Task to carry out: The entries below are to be reproduced exactly, with their pictures omitted.

** Source information follows **

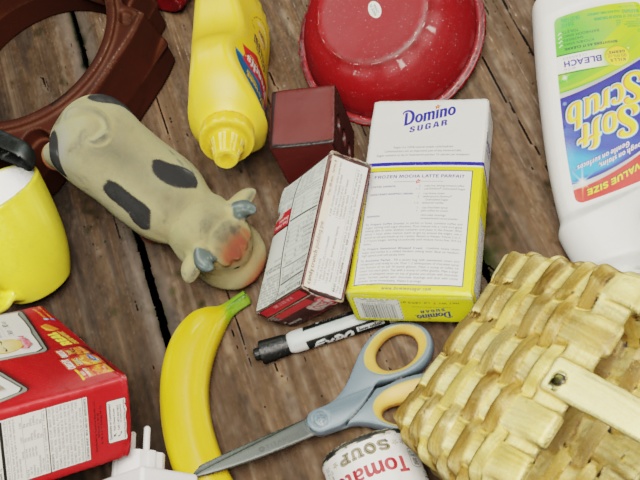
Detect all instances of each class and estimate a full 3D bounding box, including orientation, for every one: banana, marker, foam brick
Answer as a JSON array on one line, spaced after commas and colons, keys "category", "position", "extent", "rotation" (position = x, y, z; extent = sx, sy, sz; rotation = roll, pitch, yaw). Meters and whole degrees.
[{"category": "banana", "position": [-0.085, 0.129, 0.788], "extent": [0.070, 0.037, 0.198], "rotation": [-10, 64, 13]}, {"category": "marker", "position": [0.007, 0.068, 0.801], "extent": [0.121, 0.020, 0.020], "rotation": [-18, 62, 7]}, {"category": "foam brick", "position": [-0.005, -0.078, 0.840], "extent": [0.051, 0.078, 0.053], "rotation": [-5, 66, 12]}]

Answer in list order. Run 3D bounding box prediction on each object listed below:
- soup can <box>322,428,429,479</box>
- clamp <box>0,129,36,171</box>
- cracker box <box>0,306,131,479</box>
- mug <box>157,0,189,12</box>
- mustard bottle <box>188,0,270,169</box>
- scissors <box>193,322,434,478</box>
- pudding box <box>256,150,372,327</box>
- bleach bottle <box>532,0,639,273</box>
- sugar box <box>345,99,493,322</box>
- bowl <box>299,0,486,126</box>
[{"category": "soup can", "position": [0.048, 0.185, 0.708], "extent": [0.068, 0.068, 0.102], "rotation": [-23, 61, 4]}, {"category": "clamp", "position": [-0.312, -0.082, 0.851], "extent": [0.120, 0.039, 0.172], "rotation": [-33, 55, -16]}, {"category": "cracker box", "position": [-0.259, 0.120, 0.730], "extent": [0.213, 0.072, 0.164], "rotation": [-13, 22, -32]}, {"category": "mug", "position": [-0.149, -0.264, 0.961], "extent": [0.117, 0.093, 0.081], "rotation": [24, 79, 25]}, {"category": "mustard bottle", "position": [-0.071, -0.122, 0.835], "extent": [0.058, 0.096, 0.191], "rotation": [-10, 42, 7]}, {"category": "scissors", "position": [0.006, 0.112, 0.768], "extent": [0.202, 0.016, 0.096], "rotation": [-8, 58, 2]}, {"category": "pudding box", "position": [-0.005, 0.001, 0.795], "extent": [0.039, 0.090, 0.113], "rotation": [19, 68, -20]}, {"category": "bleach bottle", "position": [0.218, -0.069, 0.783], "extent": [0.103, 0.068, 0.251], "rotation": [-8, 66, 12]}, {"category": "sugar box", "position": [0.078, -0.025, 0.800], "extent": [0.093, 0.048, 0.176], "rotation": [1, 56, 16]}, {"category": "bowl", "position": [0.050, -0.176, 0.862], "extent": [0.162, 0.055, 0.162], "rotation": [-4, 78, 20]}]
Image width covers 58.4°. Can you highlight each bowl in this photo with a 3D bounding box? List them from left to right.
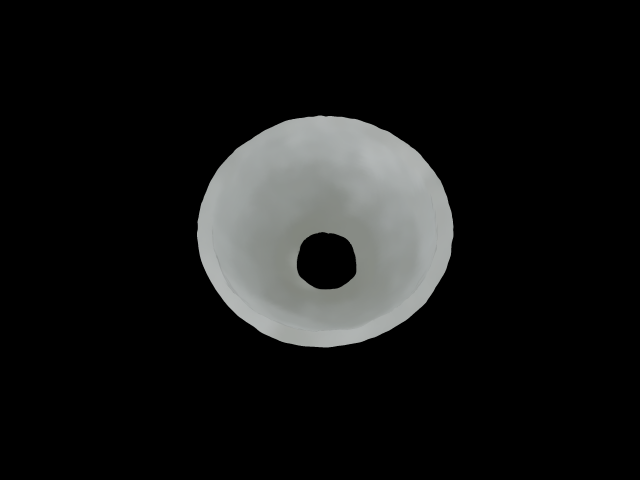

** End of Source information **

Written response:
Detect all instances of each class and estimate a full 3D bounding box, including orientation, for every one: banana, marker, foam brick
Answer as a JSON array on one line, spaced after commas and colons, keys "category", "position", "extent", "rotation" (position = x, y, z; extent = sx, sy, sz; rotation = roll, pitch, yaw). Meters and whole degrees.
[{"category": "banana", "position": [-0.085, 0.129, 0.788], "extent": [0.070, 0.037, 0.198], "rotation": [-10, 64, 13]}, {"category": "marker", "position": [0.007, 0.068, 0.801], "extent": [0.121, 0.020, 0.020], "rotation": [-18, 62, 7]}, {"category": "foam brick", "position": [-0.005, -0.078, 0.840], "extent": [0.051, 0.078, 0.053], "rotation": [-5, 66, 12]}]

Answer in list order. Run 3D bounding box prediction on each object listed below:
- soup can <box>322,428,429,479</box>
- clamp <box>0,129,36,171</box>
- cracker box <box>0,306,131,479</box>
- mug <box>157,0,189,12</box>
- mustard bottle <box>188,0,270,169</box>
- scissors <box>193,322,434,478</box>
- pudding box <box>256,150,372,327</box>
- bleach bottle <box>532,0,639,273</box>
- sugar box <box>345,99,493,322</box>
- bowl <box>299,0,486,126</box>
[{"category": "soup can", "position": [0.048, 0.185, 0.708], "extent": [0.068, 0.068, 0.102], "rotation": [-23, 61, 4]}, {"category": "clamp", "position": [-0.312, -0.082, 0.851], "extent": [0.120, 0.039, 0.172], "rotation": [-33, 55, -16]}, {"category": "cracker box", "position": [-0.259, 0.120, 0.730], "extent": [0.213, 0.072, 0.164], "rotation": [-13, 22, -32]}, {"category": "mug", "position": [-0.149, -0.264, 0.961], "extent": [0.117, 0.093, 0.081], "rotation": [24, 79, 25]}, {"category": "mustard bottle", "position": [-0.071, -0.122, 0.835], "extent": [0.058, 0.096, 0.191], "rotation": [-10, 42, 7]}, {"category": "scissors", "position": [0.006, 0.112, 0.768], "extent": [0.202, 0.016, 0.096], "rotation": [-8, 58, 2]}, {"category": "pudding box", "position": [-0.005, 0.001, 0.795], "extent": [0.039, 0.090, 0.113], "rotation": [19, 68, -20]}, {"category": "bleach bottle", "position": [0.218, -0.069, 0.783], "extent": [0.103, 0.068, 0.251], "rotation": [-8, 66, 12]}, {"category": "sugar box", "position": [0.078, -0.025, 0.800], "extent": [0.093, 0.048, 0.176], "rotation": [1, 56, 16]}, {"category": "bowl", "position": [0.050, -0.176, 0.862], "extent": [0.162, 0.055, 0.162], "rotation": [-4, 78, 20]}]
Image width covers 58.4°. Can you highlight each bowl in this photo with a 3D bounding box? List them from left to right.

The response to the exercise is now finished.